Why use string as status, instead of a boolean? That just wastes space for no discernable benefit, especially since the status is indexed. Also, consider turning event_type into an integer if possible, for similar reasons.
Furthermore, why have two indexes with the same leading field (status)?

by cpursley

1 subcomments

https://github.com/pgmq/pgmq

by nicoritschel

1 subcomments

lol a FOR UPDATE SKIP LOCKED post hits the HN homepage every few months it feels like

by renewiltord

0 subcomment

Segment uses MySQL as queue not even as DLQ. It works at their scale. So there are many (not all) systems that can tolerate this as queue.
I have simple flow: tasks are order of thousands an hour.

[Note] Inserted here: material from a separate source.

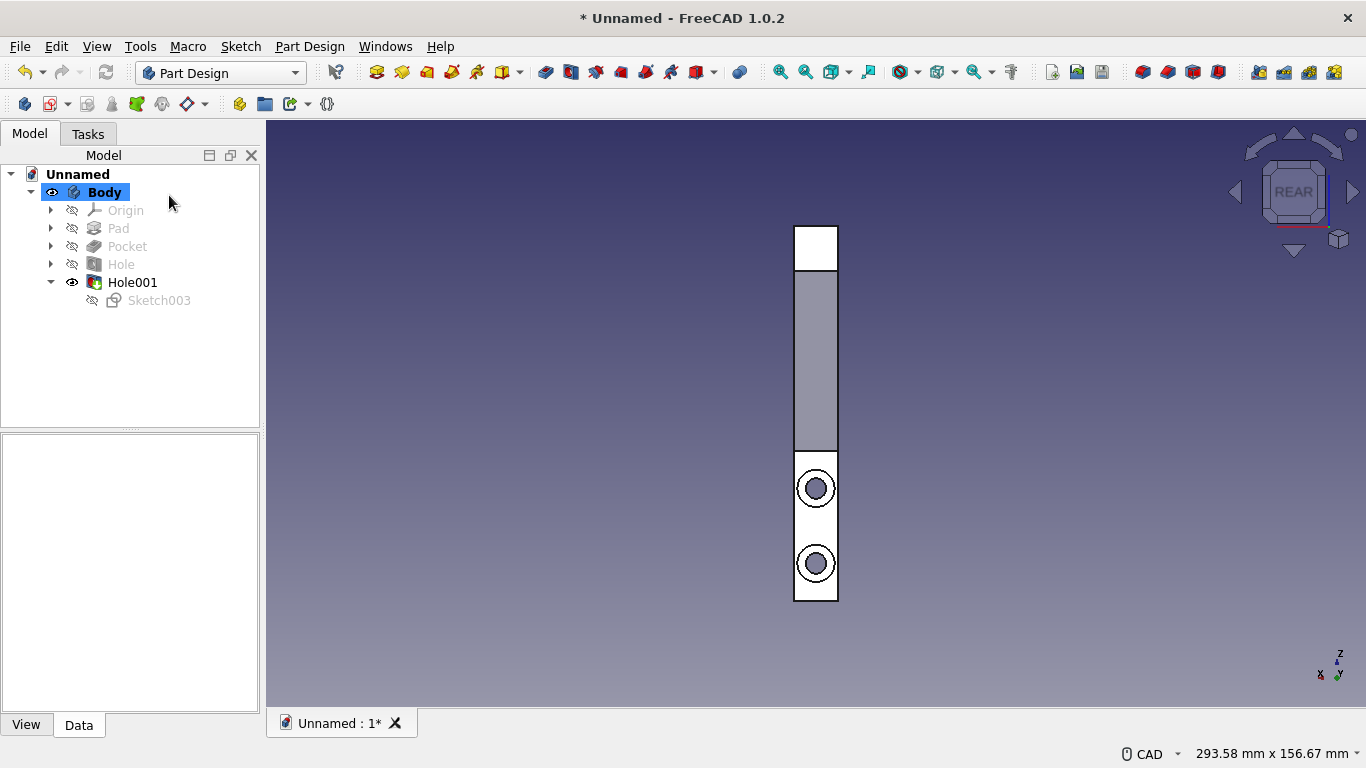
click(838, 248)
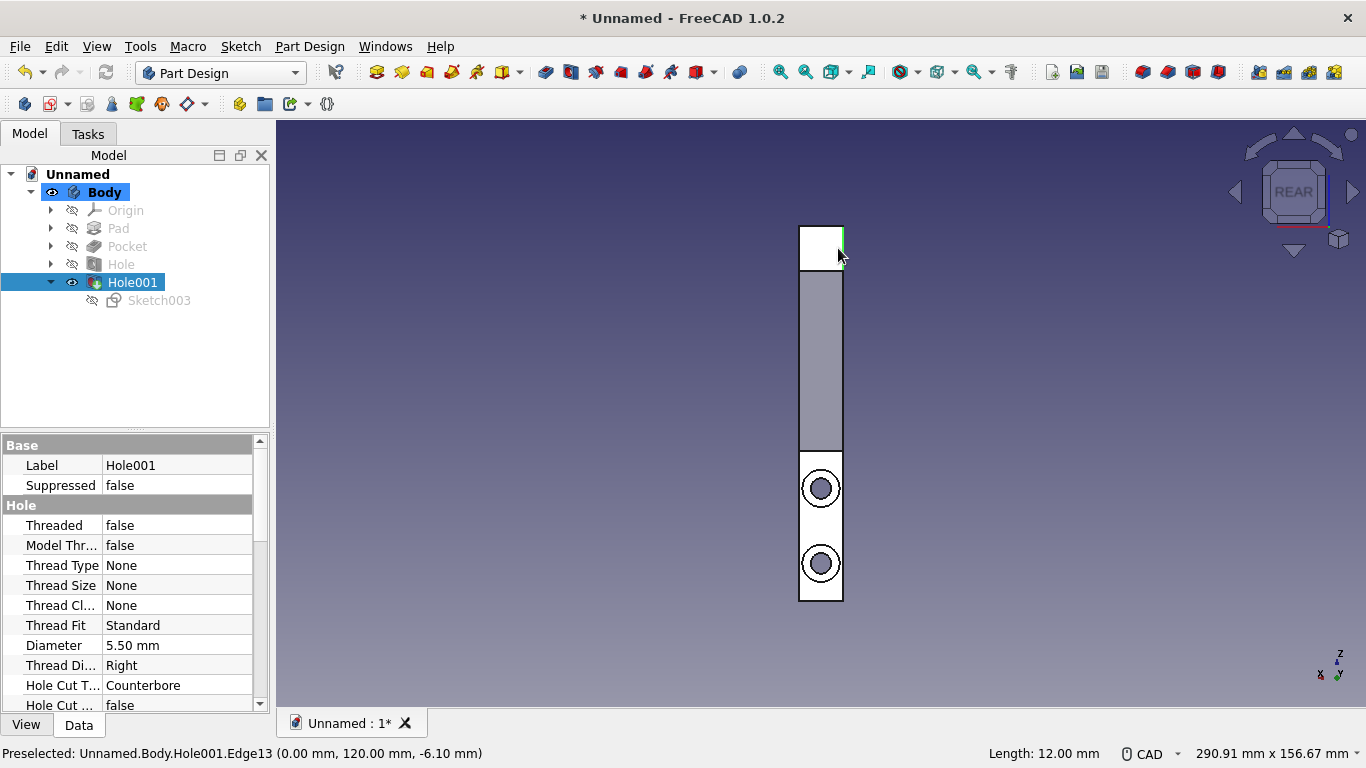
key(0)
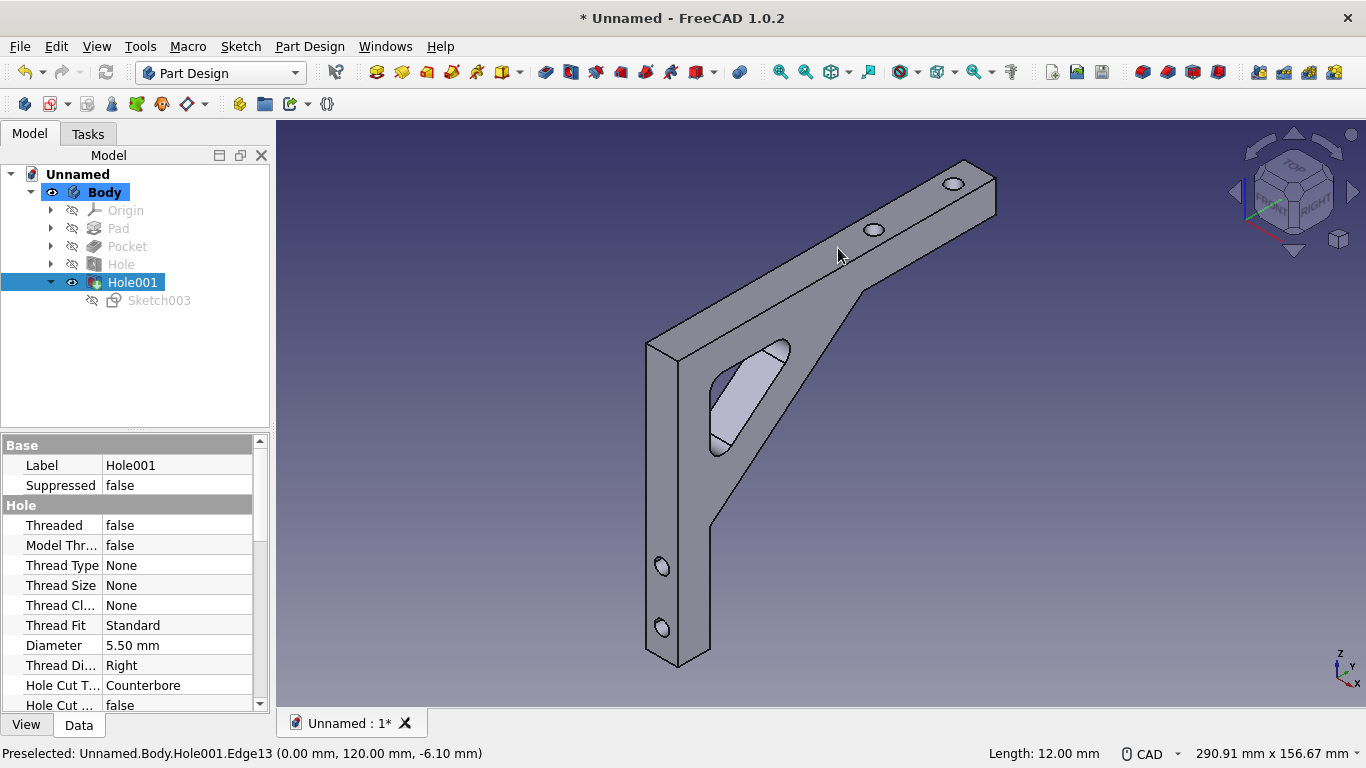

I just use postgresql. High visibility, easy requeue, durable store. With appropriate index, it’s perfectly fine. LLM will write skip locked code right first time. Easy local dev. I always reach for Postgres for event bus in low volume system.

by gytisgreitai

0 subcomment

Would be interesting to see the numbers this system processes. My bet is that they are not that high.

by awesome_dude

0 subcomment

I think that using Postgres as the message/event broker is valid, and having a DLQ on that Postgres system is also valid, and usable.
Having SEPARATE DLQ and Event/Message broker systems is not (IMO) valid - because a new point of failure is being introduced into the architecture.

by tantalor

1 subcomments

This is logging.

by reactordev

7 subcomments

Another day, another “Using PostgreSQL for…” thing it wasn’t designed for. This isn’t a good idea. What happens when the queue goes down and all messages are dead lettered? What happens when you end up with competing messages? This is not the way.

by tonymet

1 subcomments

Postgres is essentially a b-tree with a remote interface. Would you use a b-tree to store a dead letter queue? What is big O of insert & delete? what happens when it grows?
Postgres has a query interface, replication, backup and many other great utilities. And it’s well supported, so it will work for low-demand applications.
Regardless, you’re using the wrong data structure with the wrong performance profile, and at the margins you will spend a lot more money and time than necessary running it . And service will suffer.